The 1998 Data Protection act came into place as a way to control the way personal information was handled and give rights to those who had data stored about them. Since then, technology has advanced dramatically giving rise to a new wave of companies hoarding valuable data that can be used in a multitude of ways–often illegally.
But a new change is coming that aims to put a stop to any potentially illegal practices or accidental mishandling of data.
As part of an EU directive, the laws surrounding data protection will become a lot more stringent in an attempt to protect user’s rights properly and put any wrongdoing that has been shown to still be prevalent.
The General Data Protection Regulation or “GDPR” is the name given to the new regulations that will govern all European Union members and anyone that chooses to conduct business with them.
The main purpose of these new GDPR rules is to give control over personal data back to the user and simplify the regulatory environment for international business by unifying the regulations within the EU.
What this means for you:
You are the controller and owner of any personal data that is stored on you and therefore have the right to request access to said data. Companies will be required to give you access to all of this information within one month or face potential fines.
You will also have the right to request that your information is deleted if it is no longer necessary for the purpose of why it was collected in the first place.
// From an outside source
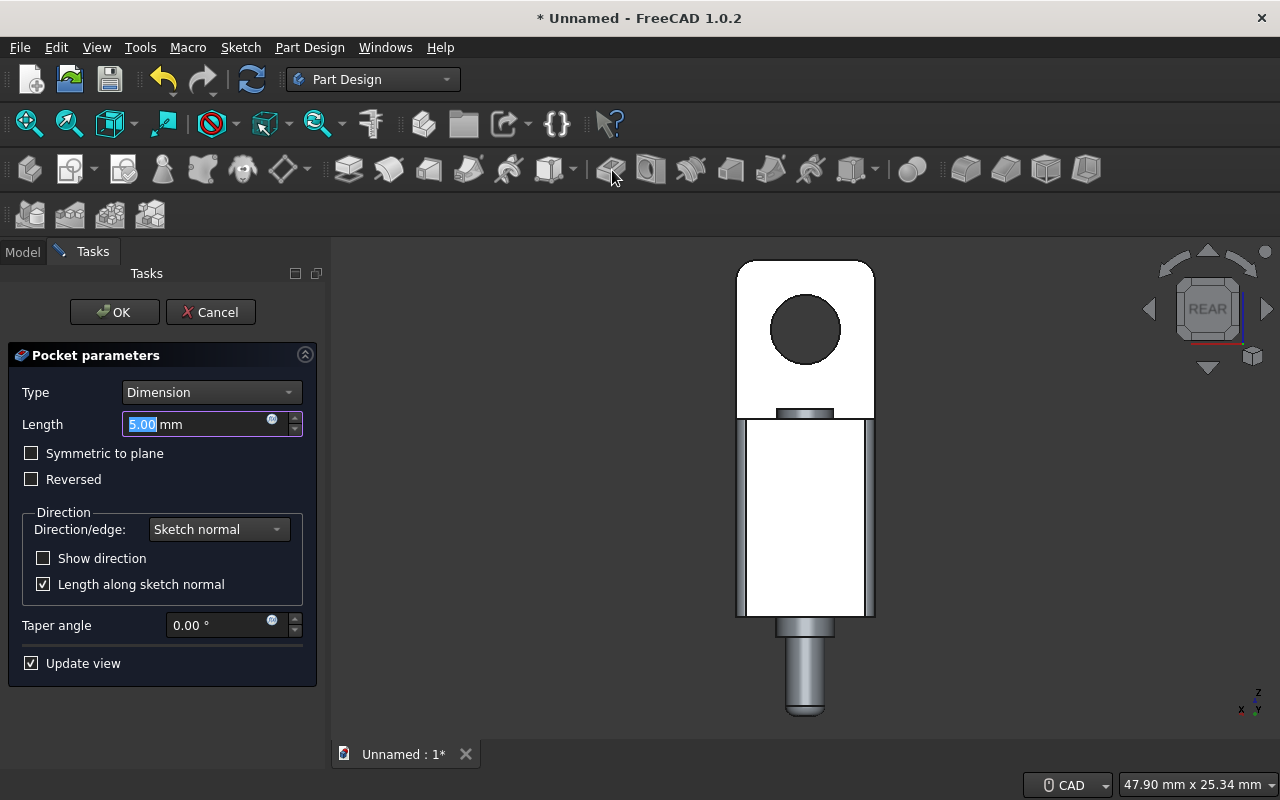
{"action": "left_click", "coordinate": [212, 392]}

Your rights are also protected under this law if a data breach was to occur. These new regulations will make it easier to file a claim against the company if your data is mishandled or wasn’t sufficiently secured in compliance with GDPR standards.
What this means for businesses:
If your business handles personal data, then you must protect yourself in full compliance with the law.
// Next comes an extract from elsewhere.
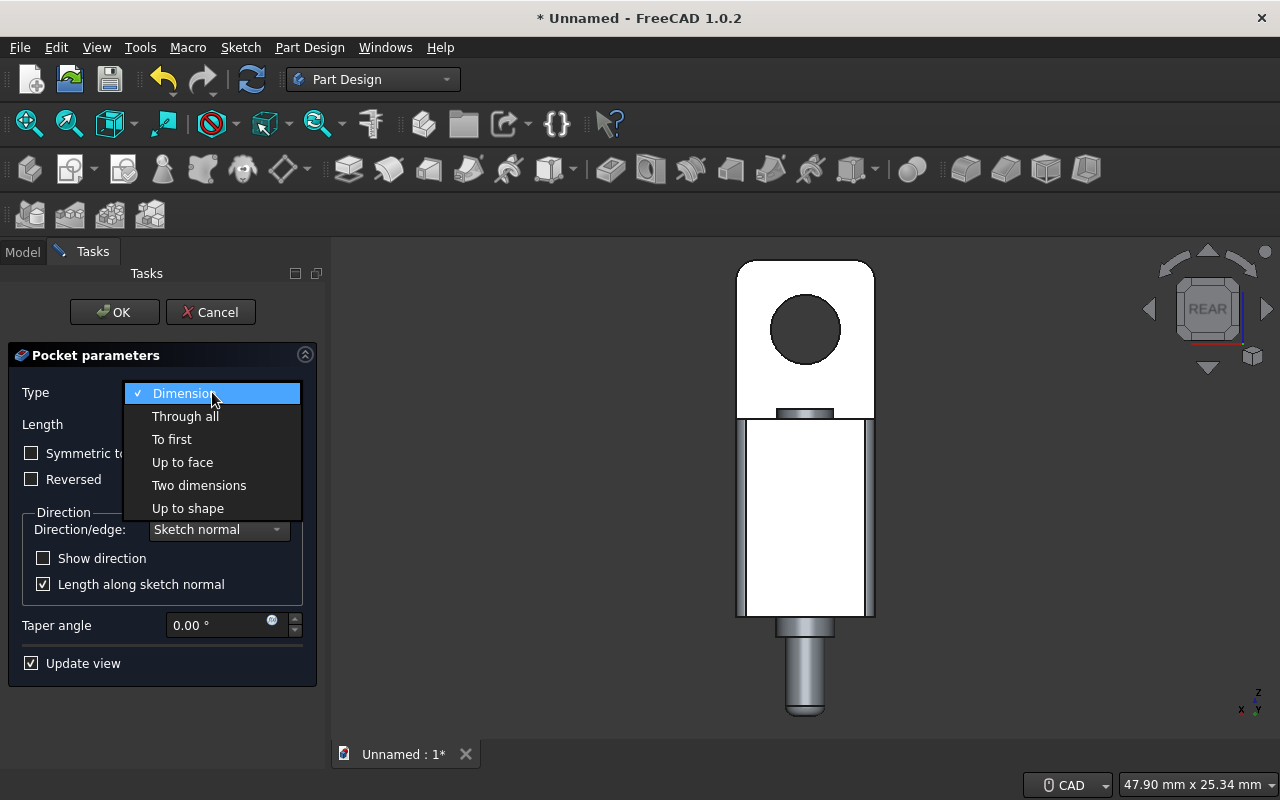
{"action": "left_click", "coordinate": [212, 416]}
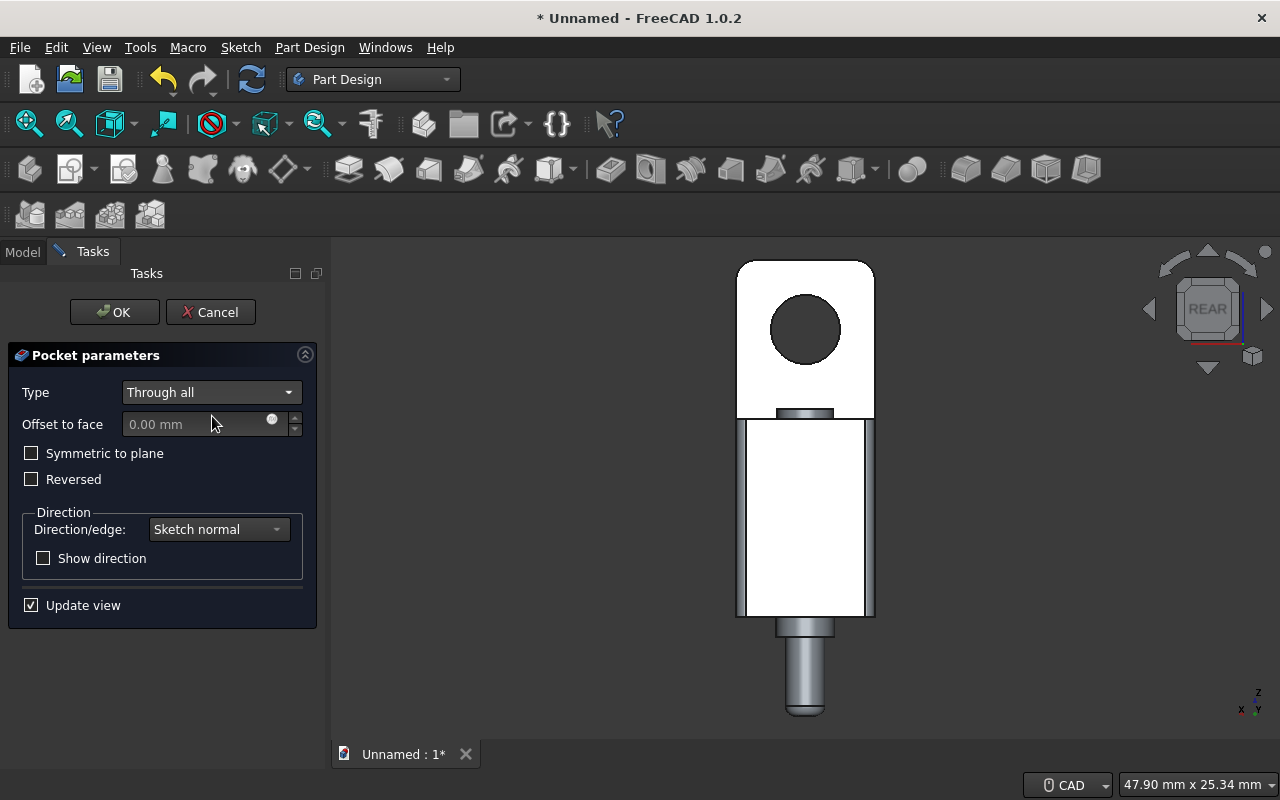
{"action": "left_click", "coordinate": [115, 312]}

There are lots of different services that you can make use of that help to make you compliant and aid in protecting you in the event of a data breach.
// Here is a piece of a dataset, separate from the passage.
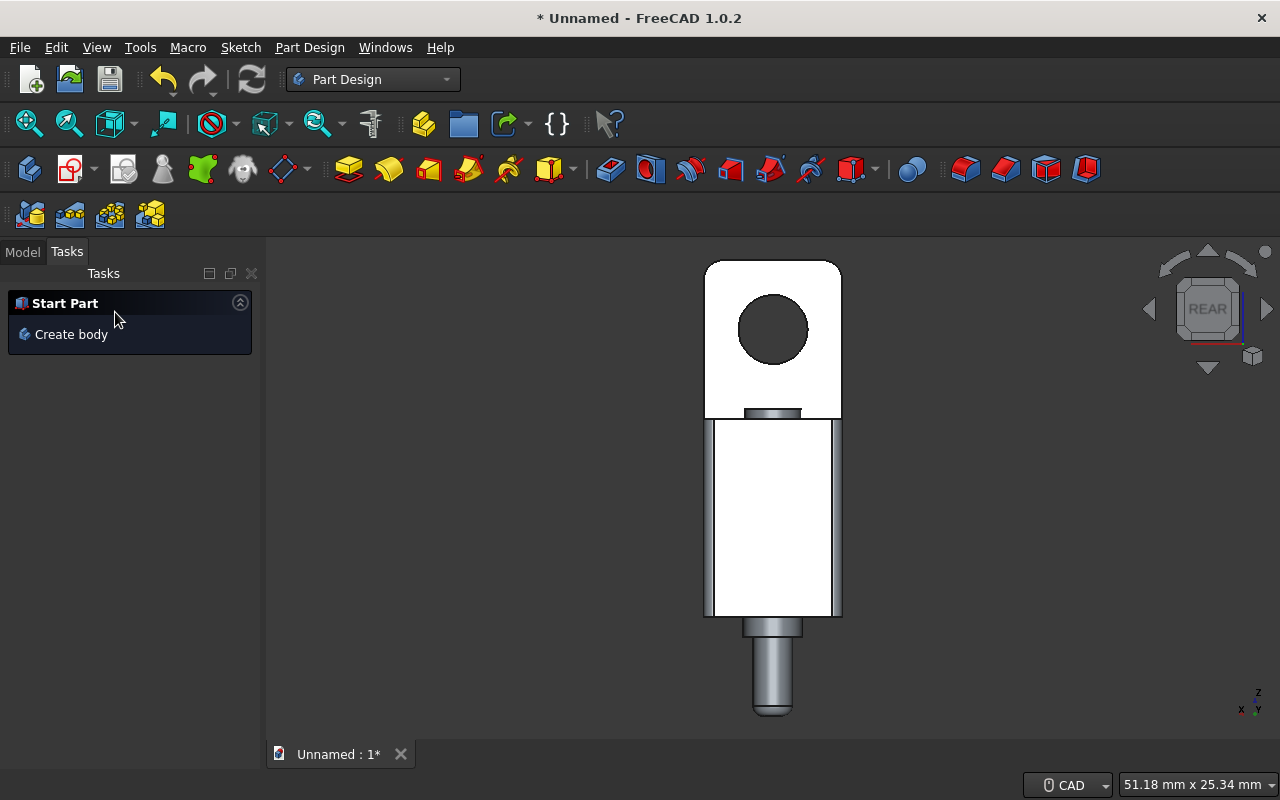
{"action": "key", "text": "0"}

For those who handle extremely sensitive information such as lawyers and doctors, the importance of ensuring compliance should be number one on your priority list as the fines for mishandling personal information in these circumstances can have extremely serious consequences
Consent must also be given to you by the data controller that you are legally allowed to hold and use this information.
If a company is found to have mishandled or not protected a user’s personal information to the full standards of the law then stringent penalties will be enforced to prevent the same practice from happening again.
The fines vary in severity from written warnings and regular audits to as much as 4% of a company’s global annual turnover.
These fines are hefty and could have a serious impact on a company’s future if they were to be enforced in the instance of a data protection crime. They are however a necessary addition to the law in order to act as a deterrent to those who may choose not to consider citizens' rights when conducting business.
GDPR comes into place on May 25th, 2018 and up to this point, businesses have been given plenty of time to prepare themselves to be compliant. With these new regulations, the hope is that companies will be dissuaded from illegal practice and will consider the rights of users much more seriously.